Rahul Sir, a renowned aptitude trainer associated with OdTutor, has helped thousands of banking aspirants master quantitative aptitude concepts through logical methods and shortcut techniques. Among the most important topics in IBPS PO and Clerk examinations are Problems on H.C.F (Highest Common Factor) and L.C.M (Least Common Multiple). These concepts form the foundation of number systems and frequently appear in prelims and mains examinations.
Many candidates find H.C.F and L.C.M questions easy in theory but struggle with speed and accuracy during exams. Rahul Sir emphasizes understanding the relationship between factors and multiples instead of memorizing formulas blindly. Once students understand divisibility rules, prime factorization, and shortcut methods, they can solve complex questions within seconds.

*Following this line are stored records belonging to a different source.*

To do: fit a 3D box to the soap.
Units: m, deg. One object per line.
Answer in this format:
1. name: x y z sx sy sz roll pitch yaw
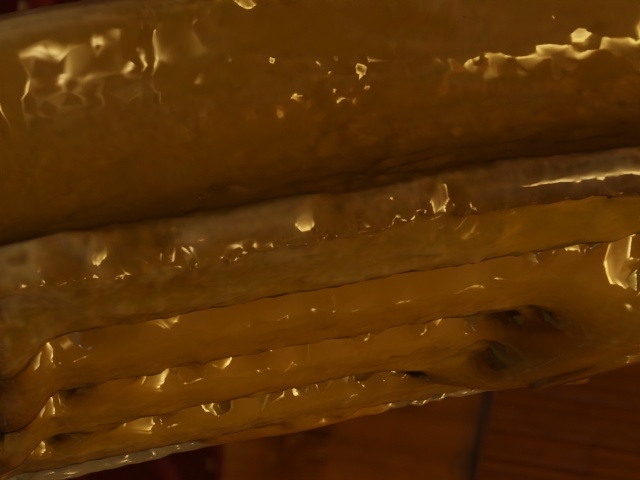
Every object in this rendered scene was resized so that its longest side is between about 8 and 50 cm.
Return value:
1. soap: 0.000 0.000 0.689 0.259 0.281 0.143 116 -40 -65

In IBPS PO and Clerk exams, questions on H.C.F and L.C.M are often combined with word problems involving bells, events, workers, distribution, grouping, and repetitive cycles. A strong command of these concepts not only helps in direct questions but also improves performance in Number Series, Simplification, and Data Interpretation sections.

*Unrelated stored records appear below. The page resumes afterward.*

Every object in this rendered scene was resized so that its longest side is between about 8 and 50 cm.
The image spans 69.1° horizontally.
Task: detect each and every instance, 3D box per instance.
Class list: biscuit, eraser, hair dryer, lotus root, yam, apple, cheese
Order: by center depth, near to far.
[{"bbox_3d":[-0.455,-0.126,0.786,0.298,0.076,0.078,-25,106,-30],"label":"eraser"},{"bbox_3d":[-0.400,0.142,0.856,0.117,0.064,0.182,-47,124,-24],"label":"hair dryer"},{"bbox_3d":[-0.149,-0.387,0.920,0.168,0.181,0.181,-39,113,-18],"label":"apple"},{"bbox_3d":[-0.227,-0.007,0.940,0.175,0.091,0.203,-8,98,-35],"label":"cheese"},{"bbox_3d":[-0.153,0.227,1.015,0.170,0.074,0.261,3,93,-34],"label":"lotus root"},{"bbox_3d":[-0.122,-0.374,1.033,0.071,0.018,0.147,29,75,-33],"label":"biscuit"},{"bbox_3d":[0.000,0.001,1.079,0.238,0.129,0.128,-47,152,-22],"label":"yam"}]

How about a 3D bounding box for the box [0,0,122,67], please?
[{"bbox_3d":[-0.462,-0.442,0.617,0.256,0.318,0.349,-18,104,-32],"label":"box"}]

This guide covers practical tips, tricks, formulas, and examples that Rahul Sir recommends for mastering H.C.F and L.C.M. By following these techniques consistently and practicing regularly, aspirants can significantly improve their speed and confidence while attempting banking aptitude questions.
1. Understanding the Basics of H.C.F and L.C.M
Before learning shortcuts, students must clearly understand what H.C.F and L.C.M represent.

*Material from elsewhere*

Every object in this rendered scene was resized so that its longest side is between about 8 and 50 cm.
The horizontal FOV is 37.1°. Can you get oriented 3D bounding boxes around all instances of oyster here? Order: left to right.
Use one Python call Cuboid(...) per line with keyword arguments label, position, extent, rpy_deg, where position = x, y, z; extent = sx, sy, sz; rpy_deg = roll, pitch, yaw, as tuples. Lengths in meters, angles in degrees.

H.C.F (Highest Common Factor):
The greatest number that divides two or more numbers exactly.
L.C.M (Least Common Multiple):
The smallest number that is exactly divisible by two or more numbers.
Example:
Find H.C.F and L.C.M of 12 and 18.
Factors of 12 = 1, 2, 3, 4, 6, 12
Factors of 18 = 1, 2, 3, 6, 9, 18
Common factors = 1, 2, 3, 6
Therefore:
H.C.F = 6
Multiples of 12 = 12, 24, 36, 48, 60…
Multiples of 18 = 18, 36, 54…
Common multiple = 36
L.C.M = 36
Understanding this basic concept is crucial because many aspirants jump directly to formulas without grasping the logic behind factors and multiples. Once the concept is clear, solving advanced banking questions becomes significantly easier.
Rahul Sir advises students to spend adequate time mastering these fundamentals before attempting shortcut techniques. Strong basics ensure fewer mistakes and faster calculations during competitive examinations.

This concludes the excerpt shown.